## PROVIDED ENTRIES
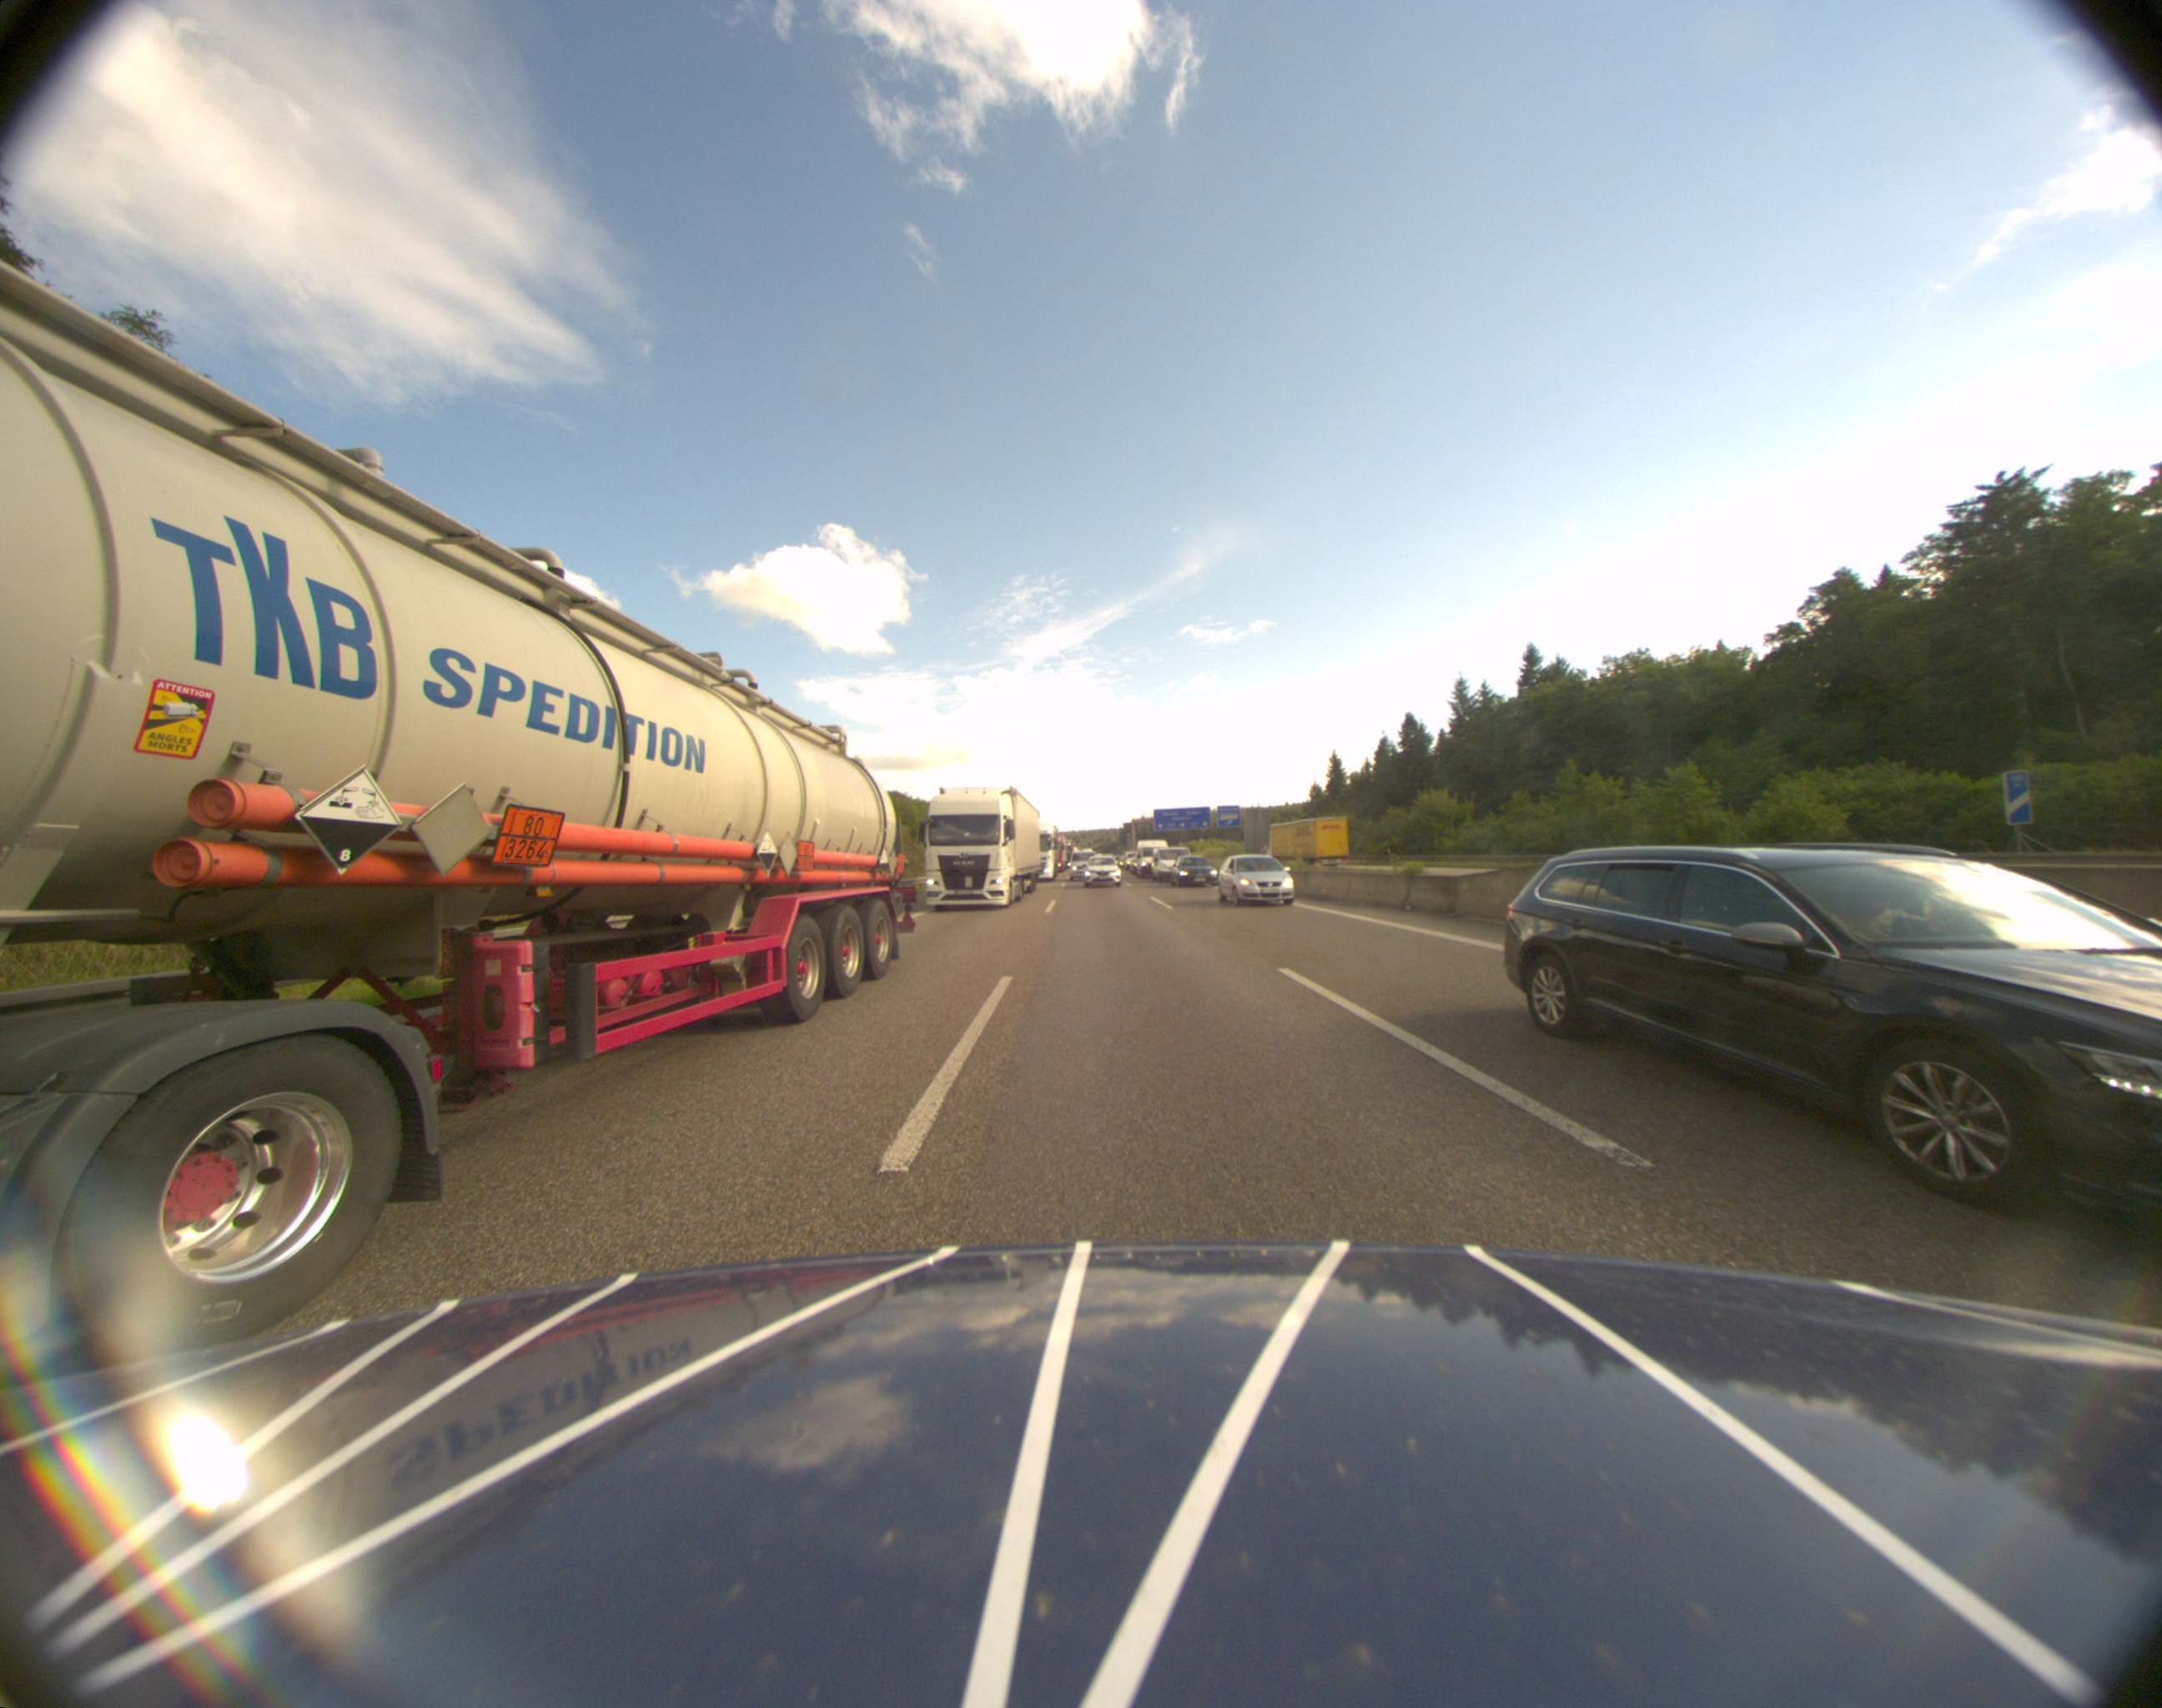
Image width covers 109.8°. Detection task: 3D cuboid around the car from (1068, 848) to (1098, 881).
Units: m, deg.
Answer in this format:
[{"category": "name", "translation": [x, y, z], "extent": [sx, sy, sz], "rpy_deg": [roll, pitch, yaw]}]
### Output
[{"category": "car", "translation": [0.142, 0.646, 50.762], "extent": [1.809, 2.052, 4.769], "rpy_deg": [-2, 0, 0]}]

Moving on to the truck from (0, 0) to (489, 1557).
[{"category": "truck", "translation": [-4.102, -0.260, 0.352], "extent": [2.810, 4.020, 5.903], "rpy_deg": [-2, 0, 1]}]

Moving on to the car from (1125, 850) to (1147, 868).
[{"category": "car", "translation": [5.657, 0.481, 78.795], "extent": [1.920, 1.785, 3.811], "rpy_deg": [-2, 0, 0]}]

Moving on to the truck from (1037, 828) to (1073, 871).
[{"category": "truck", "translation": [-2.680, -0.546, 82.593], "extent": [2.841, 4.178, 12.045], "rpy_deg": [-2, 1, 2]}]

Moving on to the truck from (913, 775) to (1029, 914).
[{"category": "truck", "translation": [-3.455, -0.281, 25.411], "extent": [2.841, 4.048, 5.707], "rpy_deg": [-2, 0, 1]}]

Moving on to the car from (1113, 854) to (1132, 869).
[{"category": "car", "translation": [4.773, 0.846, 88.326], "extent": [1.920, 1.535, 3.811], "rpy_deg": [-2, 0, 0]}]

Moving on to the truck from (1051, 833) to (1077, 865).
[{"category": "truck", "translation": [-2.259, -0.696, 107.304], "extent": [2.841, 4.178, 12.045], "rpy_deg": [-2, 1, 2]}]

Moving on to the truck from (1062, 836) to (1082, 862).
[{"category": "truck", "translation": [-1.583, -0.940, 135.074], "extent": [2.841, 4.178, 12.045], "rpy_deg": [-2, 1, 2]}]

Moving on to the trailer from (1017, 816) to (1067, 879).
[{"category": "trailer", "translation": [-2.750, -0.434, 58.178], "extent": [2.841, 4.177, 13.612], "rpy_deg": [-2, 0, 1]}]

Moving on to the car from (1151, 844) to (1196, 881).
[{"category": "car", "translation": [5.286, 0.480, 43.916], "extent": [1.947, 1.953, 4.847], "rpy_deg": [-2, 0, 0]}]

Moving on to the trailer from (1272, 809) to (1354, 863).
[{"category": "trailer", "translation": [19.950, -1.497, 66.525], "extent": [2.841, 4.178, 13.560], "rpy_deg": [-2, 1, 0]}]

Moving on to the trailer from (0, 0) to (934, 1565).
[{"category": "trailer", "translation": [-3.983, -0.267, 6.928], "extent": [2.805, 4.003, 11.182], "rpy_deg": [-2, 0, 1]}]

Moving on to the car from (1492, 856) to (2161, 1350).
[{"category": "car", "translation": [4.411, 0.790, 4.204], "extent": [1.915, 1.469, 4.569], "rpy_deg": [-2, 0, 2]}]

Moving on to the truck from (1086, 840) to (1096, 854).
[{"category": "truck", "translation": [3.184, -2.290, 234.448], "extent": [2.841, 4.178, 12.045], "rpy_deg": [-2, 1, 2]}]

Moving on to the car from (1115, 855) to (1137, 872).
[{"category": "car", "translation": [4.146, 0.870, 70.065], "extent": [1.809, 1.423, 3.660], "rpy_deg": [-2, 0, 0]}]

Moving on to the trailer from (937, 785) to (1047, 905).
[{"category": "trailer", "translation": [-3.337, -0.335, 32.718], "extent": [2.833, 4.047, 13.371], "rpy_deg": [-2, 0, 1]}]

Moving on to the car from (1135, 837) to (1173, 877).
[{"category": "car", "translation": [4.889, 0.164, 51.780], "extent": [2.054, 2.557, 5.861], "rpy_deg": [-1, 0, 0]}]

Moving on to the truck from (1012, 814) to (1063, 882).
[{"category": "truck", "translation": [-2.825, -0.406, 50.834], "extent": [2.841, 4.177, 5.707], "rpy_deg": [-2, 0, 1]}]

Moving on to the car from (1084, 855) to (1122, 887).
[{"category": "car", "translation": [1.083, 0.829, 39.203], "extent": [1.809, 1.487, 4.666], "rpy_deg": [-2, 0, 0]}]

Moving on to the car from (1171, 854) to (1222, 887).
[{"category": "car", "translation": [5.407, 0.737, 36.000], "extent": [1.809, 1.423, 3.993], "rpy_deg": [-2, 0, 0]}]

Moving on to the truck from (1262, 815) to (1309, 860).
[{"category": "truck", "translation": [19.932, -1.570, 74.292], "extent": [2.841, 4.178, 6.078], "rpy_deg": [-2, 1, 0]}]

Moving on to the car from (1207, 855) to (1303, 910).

## WORK TO BE COMPLETED
What is needed is every record above, returned exactly, with the pictures omitted.

## WRITTEN ANSWER
Image width covers 109.8°. Detection task: 3D cuboid around the car from (1068, 848) to (1098, 881).
Units: m, deg.
Answer in this format:
[{"category": "name", "translation": [x, y, z], "extent": [sx, sy, sz], "rpy_deg": [roll, pitch, yaw]}]
### Output
[{"category": "car", "translation": [0.142, 0.646, 50.762], "extent": [1.809, 2.052, 4.769], "rpy_deg": [-2, 0, 0]}]

Moving on to the truck from (0, 0) to (489, 1557).
[{"category": "truck", "translation": [-4.102, -0.260, 0.352], "extent": [2.810, 4.020, 5.903], "rpy_deg": [-2, 0, 1]}]

Moving on to the car from (1125, 850) to (1147, 868).
[{"category": "car", "translation": [5.657, 0.481, 78.795], "extent": [1.920, 1.785, 3.811], "rpy_deg": [-2, 0, 0]}]

Moving on to the truck from (1037, 828) to (1073, 871).
[{"category": "truck", "translation": [-2.680, -0.546, 82.593], "extent": [2.841, 4.178, 12.045], "rpy_deg": [-2, 1, 2]}]

Moving on to the truck from (913, 775) to (1029, 914).
[{"category": "truck", "translation": [-3.455, -0.281, 25.411], "extent": [2.841, 4.048, 5.707], "rpy_deg": [-2, 0, 1]}]

Moving on to the car from (1113, 854) to (1132, 869).
[{"category": "car", "translation": [4.773, 0.846, 88.326], "extent": [1.920, 1.535, 3.811], "rpy_deg": [-2, 0, 0]}]

Moving on to the truck from (1051, 833) to (1077, 865).
[{"category": "truck", "translation": [-2.259, -0.696, 107.304], "extent": [2.841, 4.178, 12.045], "rpy_deg": [-2, 1, 2]}]

Moving on to the truck from (1062, 836) to (1082, 862).
[{"category": "truck", "translation": [-1.583, -0.940, 135.074], "extent": [2.841, 4.178, 12.045], "rpy_deg": [-2, 1, 2]}]

Moving on to the trailer from (1017, 816) to (1067, 879).
[{"category": "trailer", "translation": [-2.750, -0.434, 58.178], "extent": [2.841, 4.177, 13.612], "rpy_deg": [-2, 0, 1]}]

Moving on to the car from (1151, 844) to (1196, 881).
[{"category": "car", "translation": [5.286, 0.480, 43.916], "extent": [1.947, 1.953, 4.847], "rpy_deg": [-2, 0, 0]}]

Moving on to the trailer from (1272, 809) to (1354, 863).
[{"category": "trailer", "translation": [19.950, -1.497, 66.525], "extent": [2.841, 4.178, 13.560], "rpy_deg": [-2, 1, 0]}]

Moving on to the trailer from (0, 0) to (934, 1565).
[{"category": "trailer", "translation": [-3.983, -0.267, 6.928], "extent": [2.805, 4.003, 11.182], "rpy_deg": [-2, 0, 1]}]

Moving on to the car from (1492, 856) to (2161, 1350).
[{"category": "car", "translation": [4.411, 0.790, 4.204], "extent": [1.915, 1.469, 4.569], "rpy_deg": [-2, 0, 2]}]

Moving on to the truck from (1086, 840) to (1096, 854).
[{"category": "truck", "translation": [3.184, -2.290, 234.448], "extent": [2.841, 4.178, 12.045], "rpy_deg": [-2, 1, 2]}]

Moving on to the car from (1115, 855) to (1137, 872).
[{"category": "car", "translation": [4.146, 0.870, 70.065], "extent": [1.809, 1.423, 3.660], "rpy_deg": [-2, 0, 0]}]

Moving on to the trailer from (937, 785) to (1047, 905).
[{"category": "trailer", "translation": [-3.337, -0.335, 32.718], "extent": [2.833, 4.047, 13.371], "rpy_deg": [-2, 0, 1]}]

Moving on to the car from (1135, 837) to (1173, 877).
[{"category": "car", "translation": [4.889, 0.164, 51.780], "extent": [2.054, 2.557, 5.861], "rpy_deg": [-1, 0, 0]}]

Moving on to the truck from (1012, 814) to (1063, 882).
[{"category": "truck", "translation": [-2.825, -0.406, 50.834], "extent": [2.841, 4.177, 5.707], "rpy_deg": [-2, 0, 1]}]

Moving on to the car from (1084, 855) to (1122, 887).
[{"category": "car", "translation": [1.083, 0.829, 39.203], "extent": [1.809, 1.487, 4.666], "rpy_deg": [-2, 0, 0]}]

Moving on to the car from (1171, 854) to (1222, 887).
[{"category": "car", "translation": [5.407, 0.737, 36.000], "extent": [1.809, 1.423, 3.993], "rpy_deg": [-2, 0, 0]}]

Moving on to the truck from (1262, 815) to (1309, 860).
[{"category": "truck", "translation": [19.932, -1.570, 74.292], "extent": [2.841, 4.178, 6.078], "rpy_deg": [-2, 1, 0]}]

Moving on to the car from (1207, 855) to (1303, 910).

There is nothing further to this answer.